With little police interference in the area, the cemetery has long been the refuge of criminals and those hiding from the law. ‘Areas of the cemetery aren’t safe,’ Jimenez says. ‘By the far east wall there are lots of criminals: stick-up artists, people doing drugs – not nice people. I tell my children to stay away from there.’

In the lead-up to last year’s All Saints Day, when Catholics traditionally flock to cemeteries to pay their respects to the deceased, Manila’s mayor asked those visiting the North Cemetery to be wary of petty criminals. ‘Keep your valuables close and avoid wearing expensive jewellery,’ he said.

The North Cemetery’s reputation – as well as that of the people who live in it – has been further eroded by the activities of some of the younger residents, who increasingly demand money from grieving families to carry their loved ones’ coffins. ‘If people don’t pay them, they will damage the tombs or tip over the coffin,’ Rolund Antiola, a hearse driver in his mid-30s, tells me as he stands under the shade of a tree watching as the man he has just brought to the cemetery is buried.

Scattered around the edges of the large, smartly dressed crowd of mourners, dishevelled young men can be seen squatting atop tombs, smoking cigarettes and clearly waiting for their tips, expected to be around 300 pesos each.

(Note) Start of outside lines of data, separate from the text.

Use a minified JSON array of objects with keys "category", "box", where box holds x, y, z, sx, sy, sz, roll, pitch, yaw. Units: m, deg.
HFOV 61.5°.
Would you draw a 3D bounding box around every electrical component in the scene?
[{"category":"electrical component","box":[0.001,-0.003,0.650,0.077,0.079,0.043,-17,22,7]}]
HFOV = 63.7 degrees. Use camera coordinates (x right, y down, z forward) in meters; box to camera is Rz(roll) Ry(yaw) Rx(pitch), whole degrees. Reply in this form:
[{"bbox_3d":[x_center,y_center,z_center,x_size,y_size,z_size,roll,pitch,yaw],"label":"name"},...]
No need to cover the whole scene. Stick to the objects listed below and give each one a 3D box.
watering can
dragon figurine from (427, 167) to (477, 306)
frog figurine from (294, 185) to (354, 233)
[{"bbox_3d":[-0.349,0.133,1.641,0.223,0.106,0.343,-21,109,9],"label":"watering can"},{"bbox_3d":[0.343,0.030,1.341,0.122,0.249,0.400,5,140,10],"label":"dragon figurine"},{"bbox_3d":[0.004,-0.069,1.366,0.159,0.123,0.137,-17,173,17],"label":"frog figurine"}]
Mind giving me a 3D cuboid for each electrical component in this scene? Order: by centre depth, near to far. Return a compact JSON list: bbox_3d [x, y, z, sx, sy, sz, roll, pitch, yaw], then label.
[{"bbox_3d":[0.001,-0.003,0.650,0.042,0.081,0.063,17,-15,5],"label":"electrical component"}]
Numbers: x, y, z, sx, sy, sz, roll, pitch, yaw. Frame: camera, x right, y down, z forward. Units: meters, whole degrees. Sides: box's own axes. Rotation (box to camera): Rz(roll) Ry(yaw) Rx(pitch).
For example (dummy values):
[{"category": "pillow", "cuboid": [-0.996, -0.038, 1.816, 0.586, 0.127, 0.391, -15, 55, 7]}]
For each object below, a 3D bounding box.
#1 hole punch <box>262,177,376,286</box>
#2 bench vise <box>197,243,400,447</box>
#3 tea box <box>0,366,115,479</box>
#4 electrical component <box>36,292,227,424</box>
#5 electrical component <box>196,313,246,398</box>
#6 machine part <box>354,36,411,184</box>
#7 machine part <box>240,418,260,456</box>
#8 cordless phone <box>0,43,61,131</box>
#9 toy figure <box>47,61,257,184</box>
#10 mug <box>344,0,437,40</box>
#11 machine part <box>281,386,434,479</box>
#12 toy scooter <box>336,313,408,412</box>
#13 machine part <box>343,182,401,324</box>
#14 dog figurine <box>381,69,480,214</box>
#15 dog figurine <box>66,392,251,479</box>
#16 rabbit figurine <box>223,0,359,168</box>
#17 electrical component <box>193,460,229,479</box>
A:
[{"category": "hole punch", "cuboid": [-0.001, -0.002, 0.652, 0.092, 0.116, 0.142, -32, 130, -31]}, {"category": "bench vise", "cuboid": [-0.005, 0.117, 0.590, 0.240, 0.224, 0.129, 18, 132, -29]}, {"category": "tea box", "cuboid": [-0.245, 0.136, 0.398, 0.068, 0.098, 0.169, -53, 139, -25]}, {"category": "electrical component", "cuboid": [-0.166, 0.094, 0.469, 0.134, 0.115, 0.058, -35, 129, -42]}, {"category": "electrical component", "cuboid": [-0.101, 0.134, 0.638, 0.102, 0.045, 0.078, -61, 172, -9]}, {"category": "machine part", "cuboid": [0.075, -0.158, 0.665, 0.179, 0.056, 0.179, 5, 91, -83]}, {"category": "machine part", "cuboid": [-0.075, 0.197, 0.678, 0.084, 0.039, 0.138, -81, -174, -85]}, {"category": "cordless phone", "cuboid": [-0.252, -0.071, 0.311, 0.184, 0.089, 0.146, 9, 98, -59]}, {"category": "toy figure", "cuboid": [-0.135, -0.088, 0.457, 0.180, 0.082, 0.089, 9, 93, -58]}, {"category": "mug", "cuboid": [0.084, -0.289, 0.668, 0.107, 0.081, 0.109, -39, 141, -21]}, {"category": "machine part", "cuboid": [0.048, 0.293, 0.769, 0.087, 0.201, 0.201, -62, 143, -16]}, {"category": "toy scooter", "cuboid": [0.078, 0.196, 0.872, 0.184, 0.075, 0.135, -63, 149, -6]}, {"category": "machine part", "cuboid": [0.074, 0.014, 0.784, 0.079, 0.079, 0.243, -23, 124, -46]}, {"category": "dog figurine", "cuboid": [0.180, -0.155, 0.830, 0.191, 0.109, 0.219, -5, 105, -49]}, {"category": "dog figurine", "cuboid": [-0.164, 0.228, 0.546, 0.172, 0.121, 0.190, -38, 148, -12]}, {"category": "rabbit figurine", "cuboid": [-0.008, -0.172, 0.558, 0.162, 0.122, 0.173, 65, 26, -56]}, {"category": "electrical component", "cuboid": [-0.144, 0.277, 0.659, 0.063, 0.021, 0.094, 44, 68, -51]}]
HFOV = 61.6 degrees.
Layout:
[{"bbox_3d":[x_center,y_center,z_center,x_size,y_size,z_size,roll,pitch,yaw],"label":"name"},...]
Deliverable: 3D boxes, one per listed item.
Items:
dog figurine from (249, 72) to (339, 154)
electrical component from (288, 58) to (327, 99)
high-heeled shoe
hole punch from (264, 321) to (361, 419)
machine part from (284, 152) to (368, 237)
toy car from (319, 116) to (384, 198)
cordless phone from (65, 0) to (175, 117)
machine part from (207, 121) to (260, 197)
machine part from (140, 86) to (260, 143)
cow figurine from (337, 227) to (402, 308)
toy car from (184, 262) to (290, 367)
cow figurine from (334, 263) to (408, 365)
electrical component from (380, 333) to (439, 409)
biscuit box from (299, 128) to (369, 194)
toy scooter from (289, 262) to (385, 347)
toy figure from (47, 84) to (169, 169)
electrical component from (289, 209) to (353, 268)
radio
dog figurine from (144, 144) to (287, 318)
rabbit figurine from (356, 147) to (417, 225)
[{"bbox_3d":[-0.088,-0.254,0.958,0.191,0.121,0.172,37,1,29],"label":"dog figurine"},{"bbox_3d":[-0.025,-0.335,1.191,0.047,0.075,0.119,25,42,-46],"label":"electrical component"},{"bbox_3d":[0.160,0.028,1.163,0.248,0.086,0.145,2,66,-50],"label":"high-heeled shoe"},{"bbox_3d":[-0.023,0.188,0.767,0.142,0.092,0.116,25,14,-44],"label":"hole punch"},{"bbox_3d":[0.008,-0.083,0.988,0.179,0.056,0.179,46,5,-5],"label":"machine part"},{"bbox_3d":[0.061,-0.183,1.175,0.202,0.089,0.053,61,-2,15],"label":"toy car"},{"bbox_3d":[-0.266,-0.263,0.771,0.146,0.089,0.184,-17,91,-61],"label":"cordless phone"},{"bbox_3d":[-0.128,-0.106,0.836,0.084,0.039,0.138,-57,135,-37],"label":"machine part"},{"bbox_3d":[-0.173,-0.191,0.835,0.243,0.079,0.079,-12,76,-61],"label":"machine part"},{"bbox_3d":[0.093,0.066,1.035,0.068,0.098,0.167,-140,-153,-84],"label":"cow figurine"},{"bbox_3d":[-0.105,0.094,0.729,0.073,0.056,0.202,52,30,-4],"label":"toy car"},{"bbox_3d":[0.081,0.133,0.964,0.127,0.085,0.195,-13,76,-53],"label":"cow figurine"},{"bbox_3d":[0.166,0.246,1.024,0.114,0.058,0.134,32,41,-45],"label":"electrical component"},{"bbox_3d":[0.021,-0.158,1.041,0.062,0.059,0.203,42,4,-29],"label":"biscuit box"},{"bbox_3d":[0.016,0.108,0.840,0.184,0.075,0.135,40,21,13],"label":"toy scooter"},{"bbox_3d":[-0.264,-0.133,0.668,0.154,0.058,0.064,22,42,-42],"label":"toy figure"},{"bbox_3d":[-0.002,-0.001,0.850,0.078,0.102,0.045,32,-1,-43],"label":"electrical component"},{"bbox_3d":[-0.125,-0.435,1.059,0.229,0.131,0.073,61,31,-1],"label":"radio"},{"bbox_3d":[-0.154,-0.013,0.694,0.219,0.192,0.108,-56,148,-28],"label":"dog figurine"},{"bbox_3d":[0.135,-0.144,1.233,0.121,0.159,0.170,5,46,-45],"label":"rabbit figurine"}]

While few of the older residents condone the behaviour, they accept its inevitability, given the limited opportunities. ‘this place hasn’t changed at all in the 43 years I’ve been here,’ says Jimenez. ‘We have the same lives, the same work opportunities.’

Some young residents earn money making plaques for the graves or helping to seal the tombs with cement after the body is interred; others make do with occasional part-time work outside the walls. ‘I wash clothes, and sometimes work at a restaurant as a waiter or cleaner,’ 35-year-old Rashdi Lobles tells me as he walks down a dusty path to see his elderly grandmother, barely acknowledging the group of wailing mourners passionately reading the sacraments over their loved-one’s tomb.

Lobles moved back to the cemetery with his mother when he was 13 and has struggled for work and purpose most of his life. ‘Sometimes you do bad things in this world. Sometimes I drink – it is a bad thing. I try to be a better person,’ he says, slurring his words after coming from a bar in one of the cemetery’s seedier areas.

Staying power

Jimenez stands on the platform outside his house and looks out over the endless rows of tombs towards a stained and decrepit church dome in the distance. ‘We do occasionally go outside the walls to walk the streets, but mostly we stay inside,’ he says.

Jimenez knows that a cemetery isn’t the ideal place to live or raise a family, but he worries about the life his children would have if they moved away. ‘The cemetery authorities know me,’ he says, implying that he and his family aren’t hassled.

Every year, however, there’s talk in the press or in parliament of moving North Cemetery’s residents on; of returning the place to its original intended purpose only. But lifelong residents such as Jimenez realised long ago that the threat isn’t worth worrying about. ‘Every election politicians come inside to try to get our votes – they offer us money to vote for them,’ he says. ‘They want our votes, so they leave this place alone.’